Sandon - British Columbia
Posted by: Groundspeak Premium Member T0SHEA
N 49° 58.547 W 117° 13.637
11U E 483703 N 5535962
Sandon was one of many flash-in-the-pan mining communities in southern British Columbia.
Waymark Code: WMFXCK
Location: British Columbia, Canada
Date Posted: 12/12/2012
Published By:Groundspeak Premium Member Crystal Sound
Views: 7

“In the heart of "The Silvery Slocan" district, Slocan got its start when rich galena ore was discovered by Eli Carpenter and Jack Seaton in 1891. It immediately boomed and by 1898 was incorporated as a city. Its population passed 500, but just.

Mines sprang up in the surrounding hills and were worked for many years, slowly petering out, causing the populace to move on, little by little.

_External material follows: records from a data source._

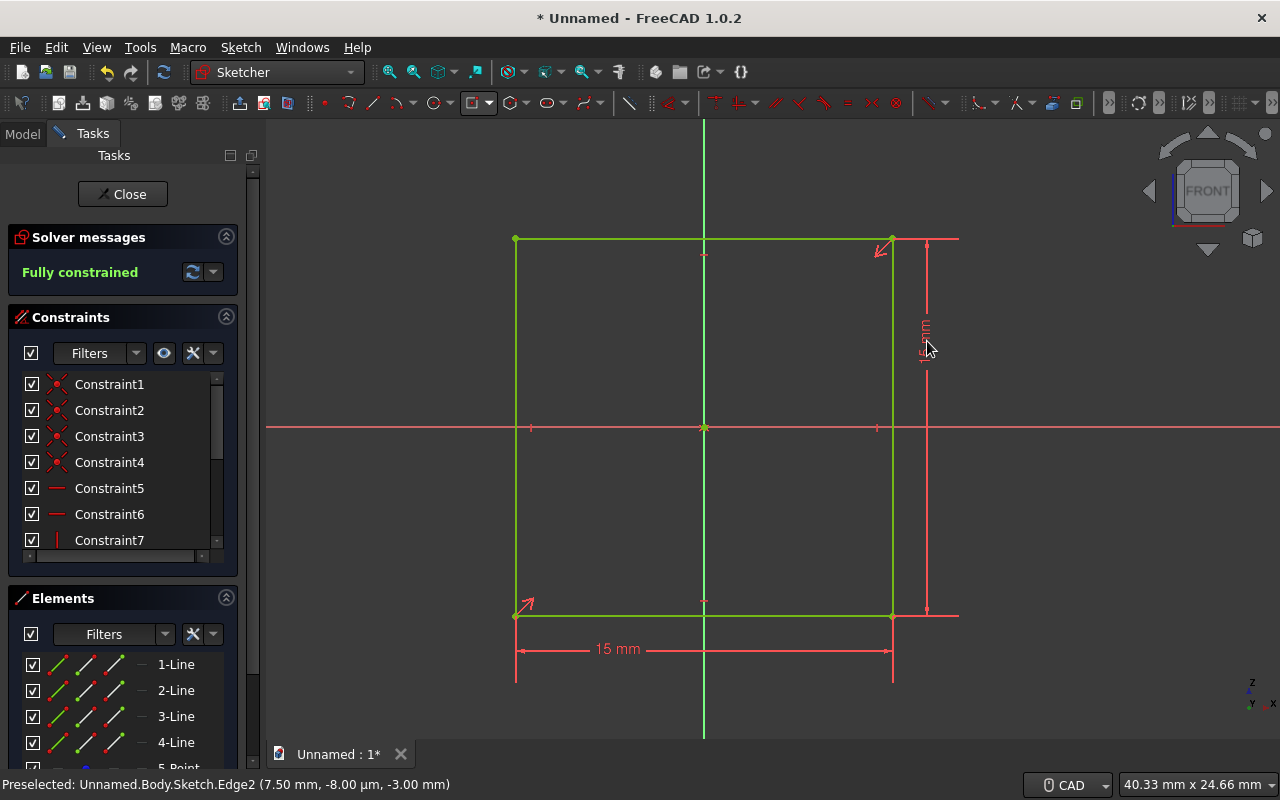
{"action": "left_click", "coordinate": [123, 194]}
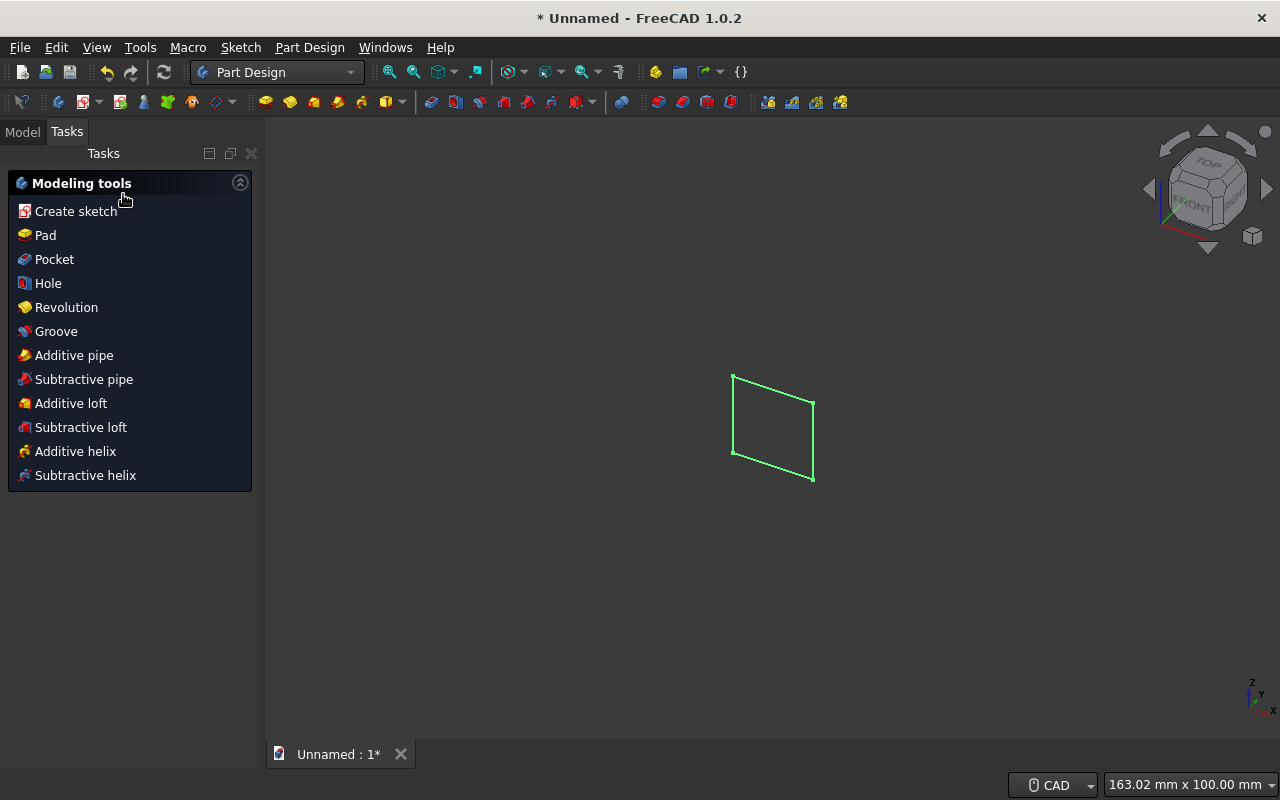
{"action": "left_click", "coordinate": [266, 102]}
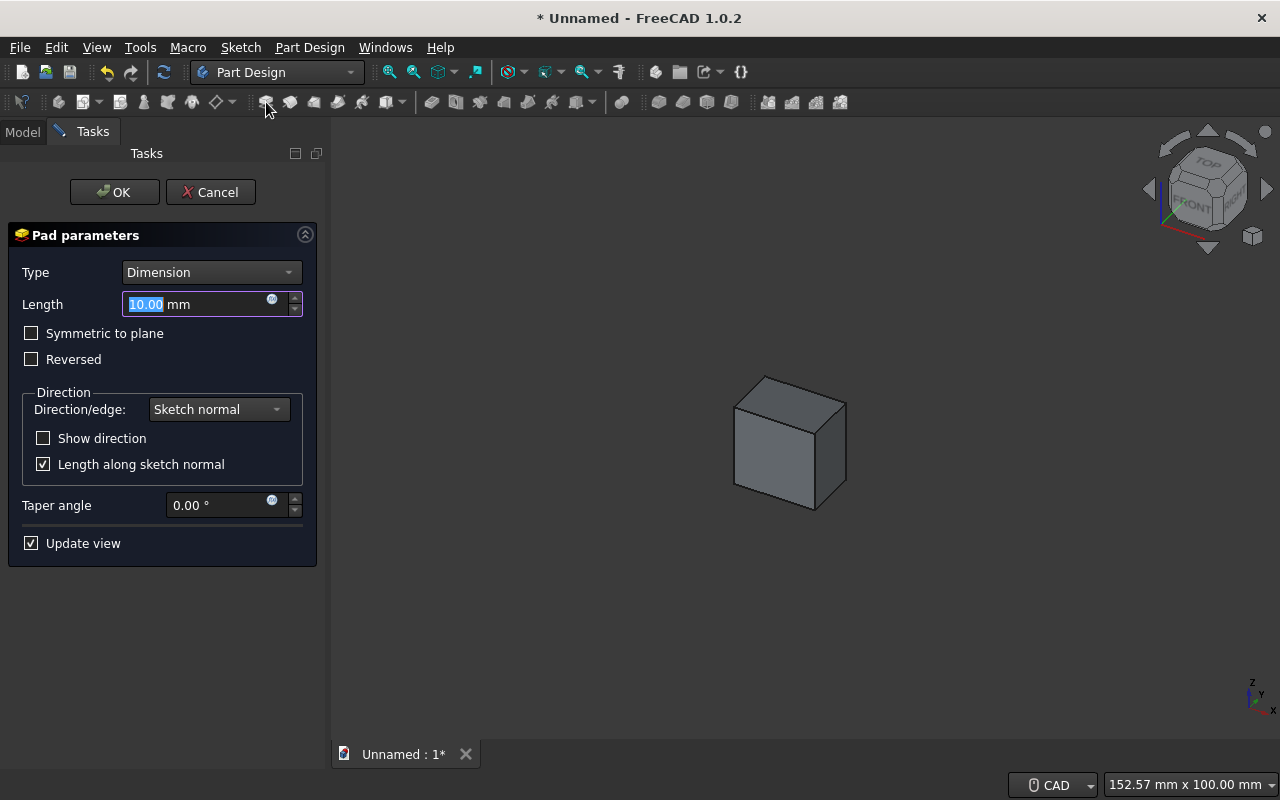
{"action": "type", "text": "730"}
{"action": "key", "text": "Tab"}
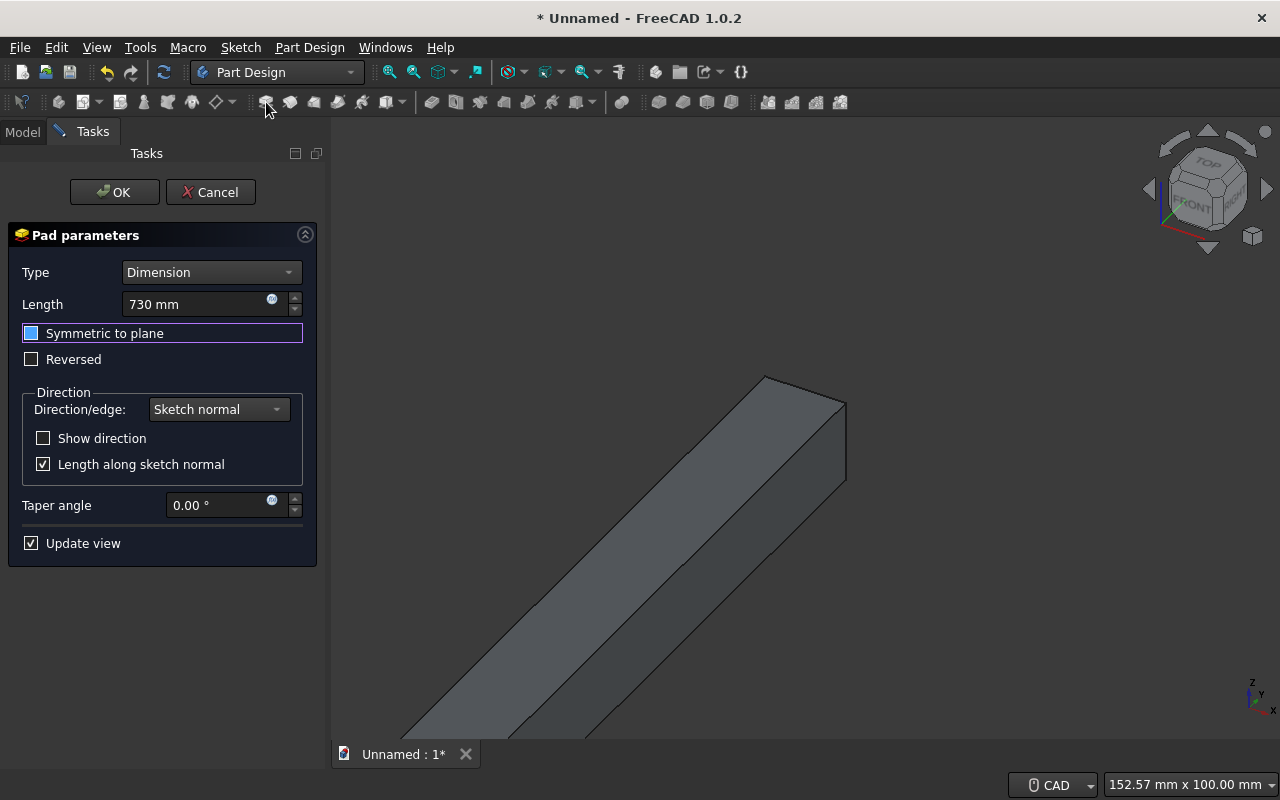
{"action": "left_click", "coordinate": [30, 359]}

The town was not yet deserted when, in 1955 Carpenter Creek, which actually ran under the main street, flooded, carrying the street and a good portion of the town away.

Though considered a ghost town, it is still inhabited by a few people, and even hosts a fine museum, run by the Sandon Historical Society, which is chock full of artifacts from the town's heyday.

The Town Hall and a few other lesser buildings, a steam locomotive, and some mining relics remain. Sandon is the glorious heart of British Columbia’s famous Valley of the Ghosts. The former wild silver mining town is arguably the most famous ghost town in western Canada. The West Kootenay wilderness community, nestled along a creek bank in a narrow valley, is today mostly still and hauntingly quiet. It has been that way almost every night for nearly half a century. It’s population never rising above 30, and now holding steady with just a handful of full-time residents.

However, Sandon was once a wild, wild place with saloon and casino brawlers living up to the town's brazen hell-raising image as the heart and soul of the Silvery Slocan.

Sandon was renowned as a rollicking community of wild-eyed silver-seeking prospectors: a town where fortunes were gained in a week and then lost overnight, and where gambling and ladies of the night routinely dominated the night life.

The swashbuckling pioneer spirit ruled the roost, and so too did the "everything goes" lifestyle. There was even a police chief who ran a house for prostitutes and dealt black jack at a casino."
Reason for Abandonment: Natural Disaster

Date Abandoned: 01/01/1955

Related Web Page: [Web Link]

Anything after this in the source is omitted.